**Supplied information**
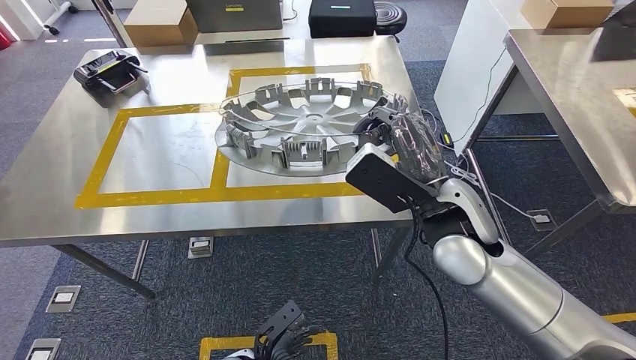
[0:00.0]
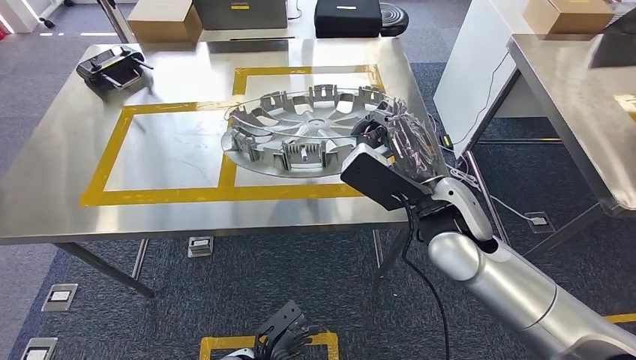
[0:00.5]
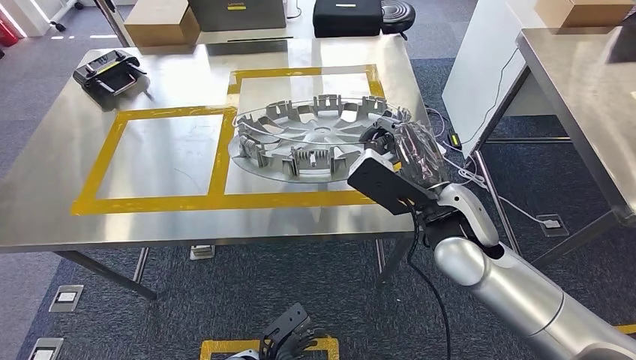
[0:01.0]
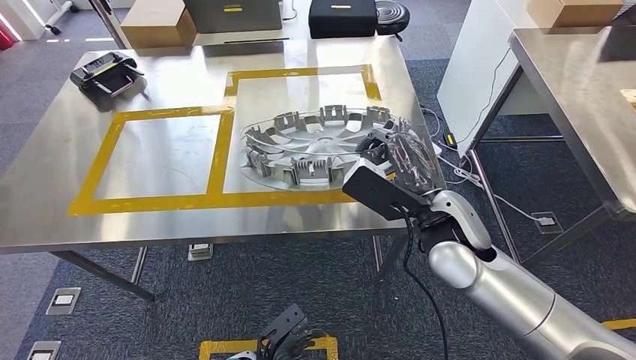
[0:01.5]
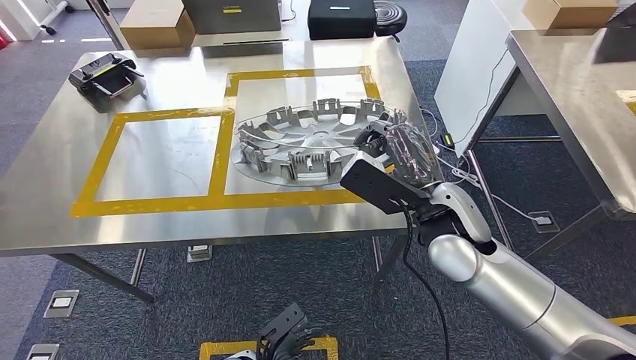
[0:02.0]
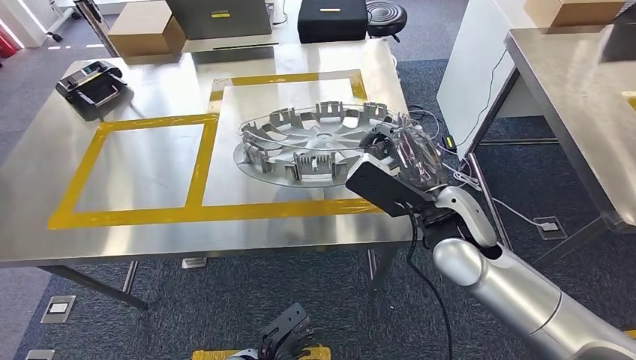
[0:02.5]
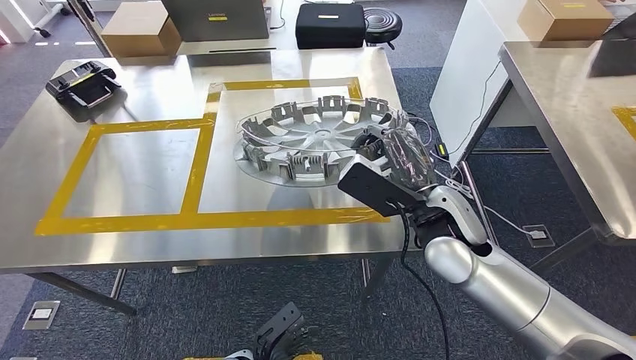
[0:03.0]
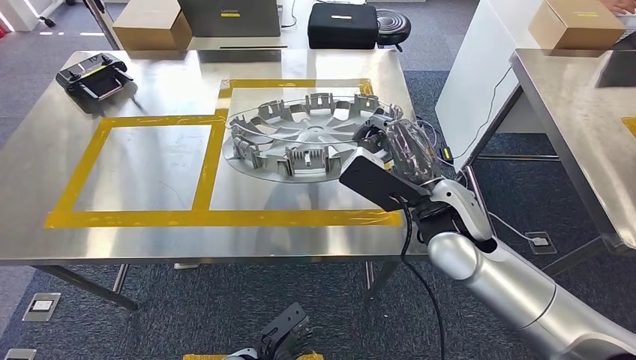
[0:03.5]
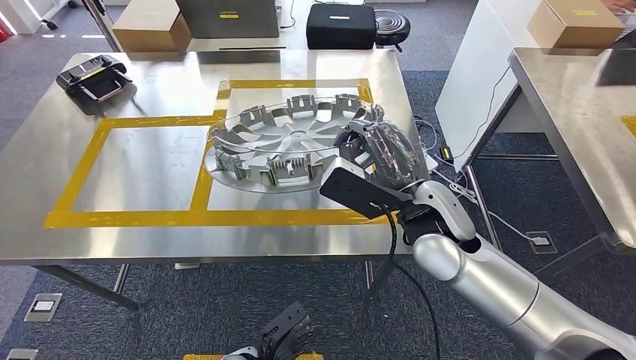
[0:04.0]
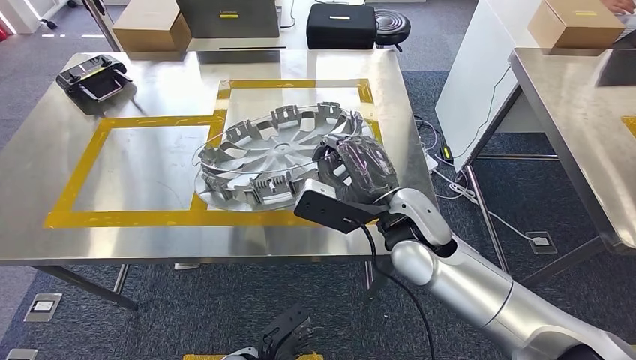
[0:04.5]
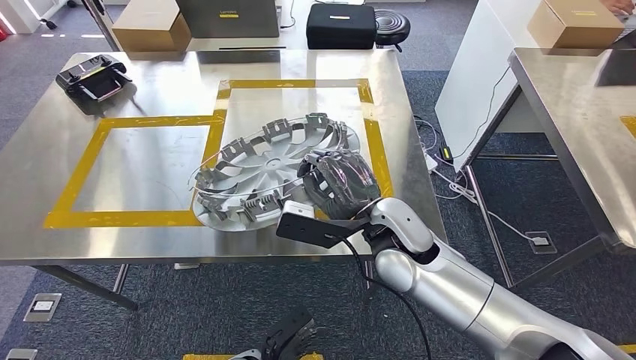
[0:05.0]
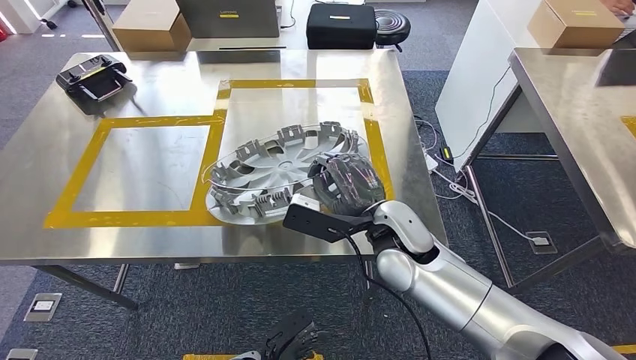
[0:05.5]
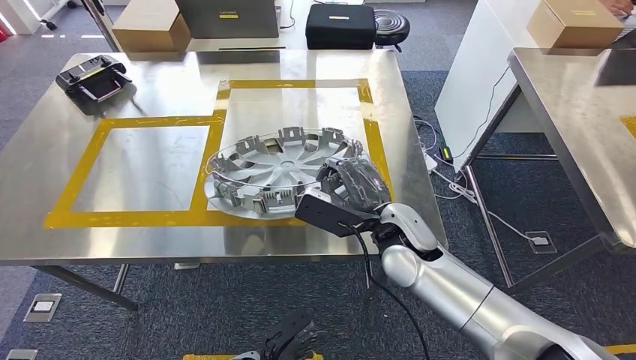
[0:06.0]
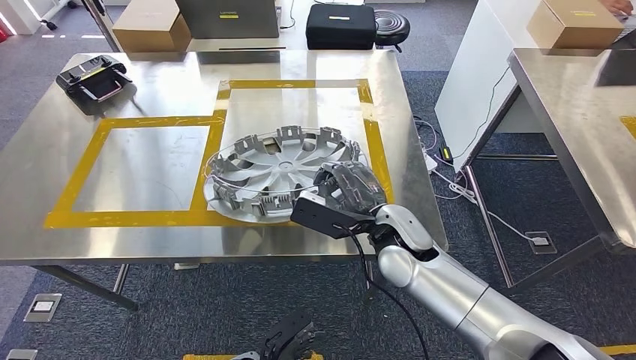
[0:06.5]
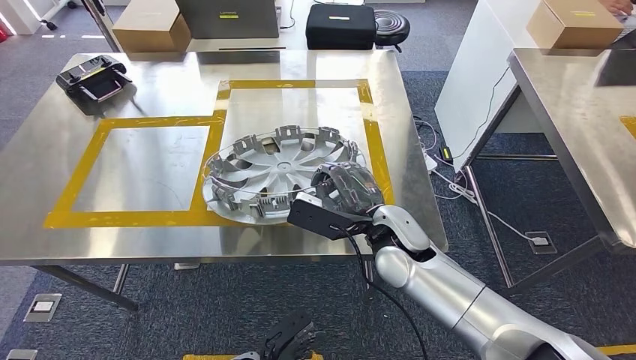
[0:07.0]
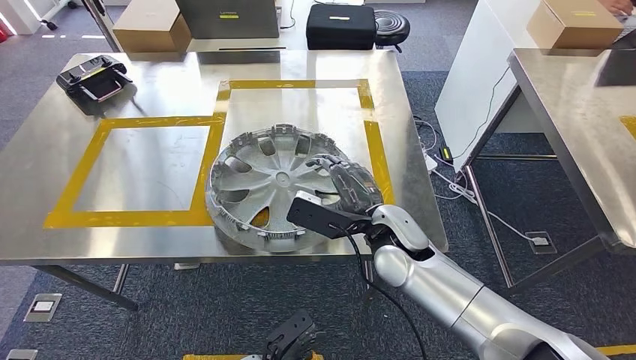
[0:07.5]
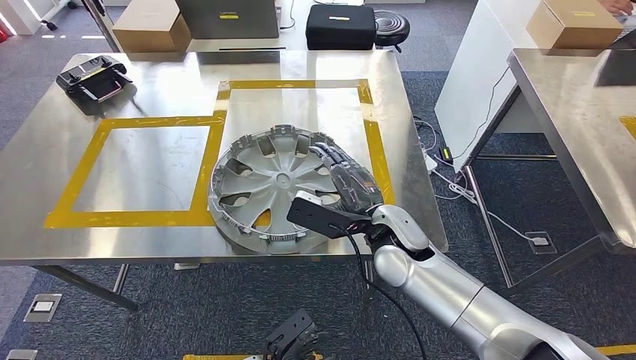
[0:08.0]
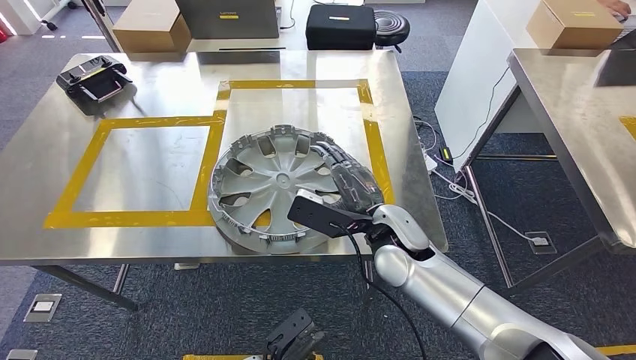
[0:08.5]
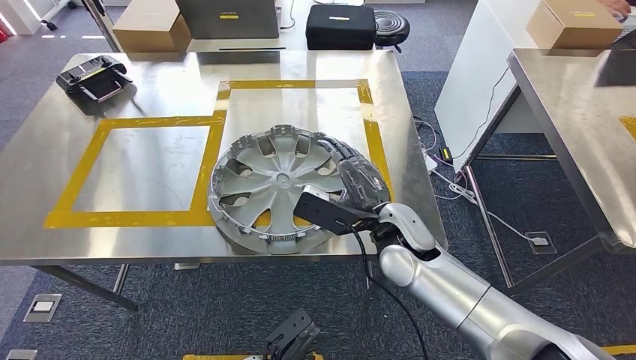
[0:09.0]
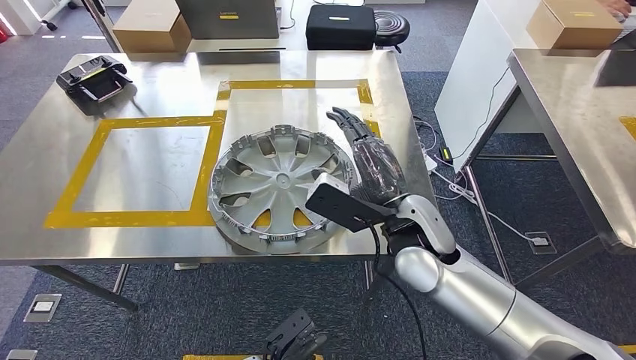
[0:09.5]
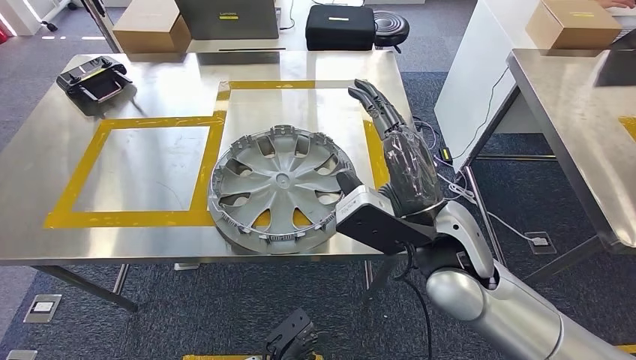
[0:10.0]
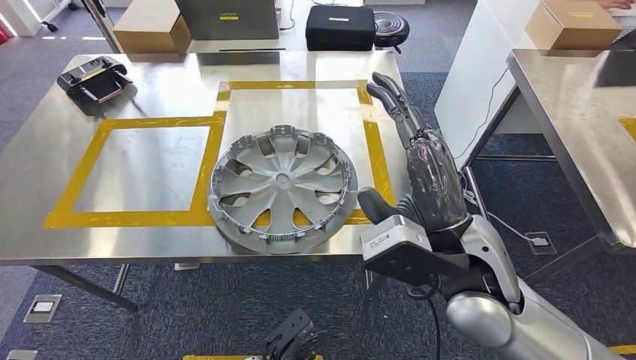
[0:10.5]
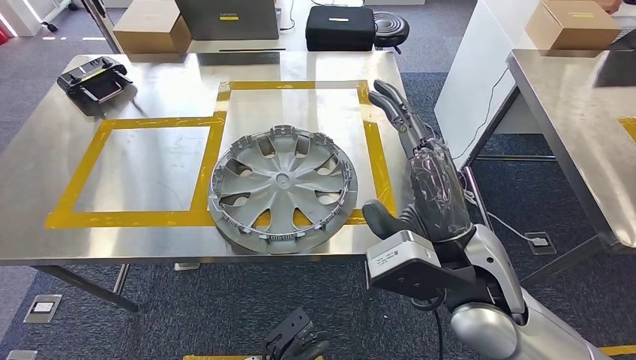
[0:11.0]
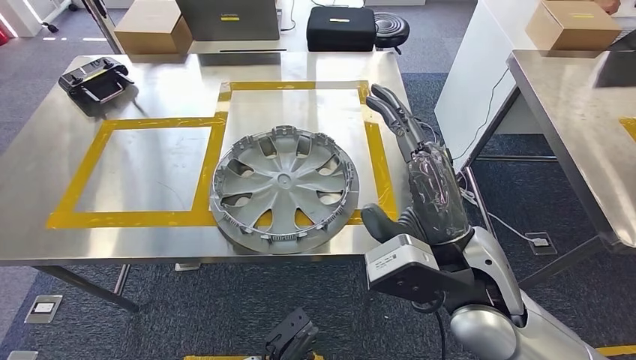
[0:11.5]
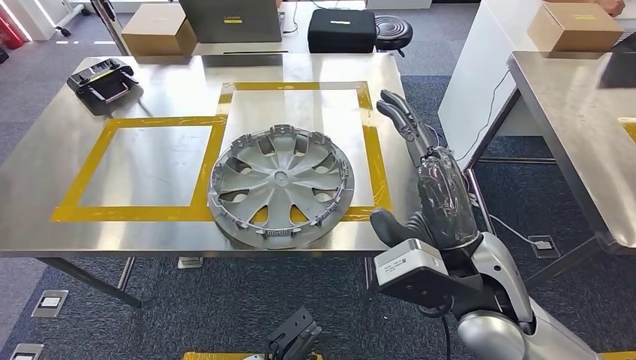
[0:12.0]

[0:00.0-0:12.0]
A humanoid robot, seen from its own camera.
Step, 0:00.0 to 0:09.5: Insert the large material into the corresponding slot on the workbench.
0:04.0 to 0:06.0: The right hand goes about 5 cm downward.
0:06.0 to 0:08.0: Neither hand changes place.
0:08.0 to 0:10.0: The right hand is displaced upward by approximately 10 cm.

**Work instruction**
Each record above must be retyped exactly as given, with the images excluded.

**Answer to this exercise**
[0:00.0]
[0:00.5]
[0:01.0]
[0:01.5]
[0:02.0]
[0:02.5]
[0:03.0]
[0:03.5]
[0:04.0]
[0:04.5]
[0:05.0]
[0:05.5]
[0:06.0]
[0:06.5]
[0:07.0]
[0:07.5]
[0:08.0]
[0:08.5]
[0:09.0]
[0:09.5]
[0:10.0]
[0:10.5]
[0:11.0]
[0:11.5]
[0:12.0]

[0:00.0-0:12.0]
A humanoid robot, seen from its own camera.
Step, 0:00.0 to 0:09.5: Insert the large material into the corresponding slot on the workbench.
0:04.0 to 0:06.0: The right hand goes about 5 cm downward.
0:06.0 to 0:08.0: Neither hand changes place.
0:08.0 to 0:10.0: The right hand is displaced upward by approximately 10 cm.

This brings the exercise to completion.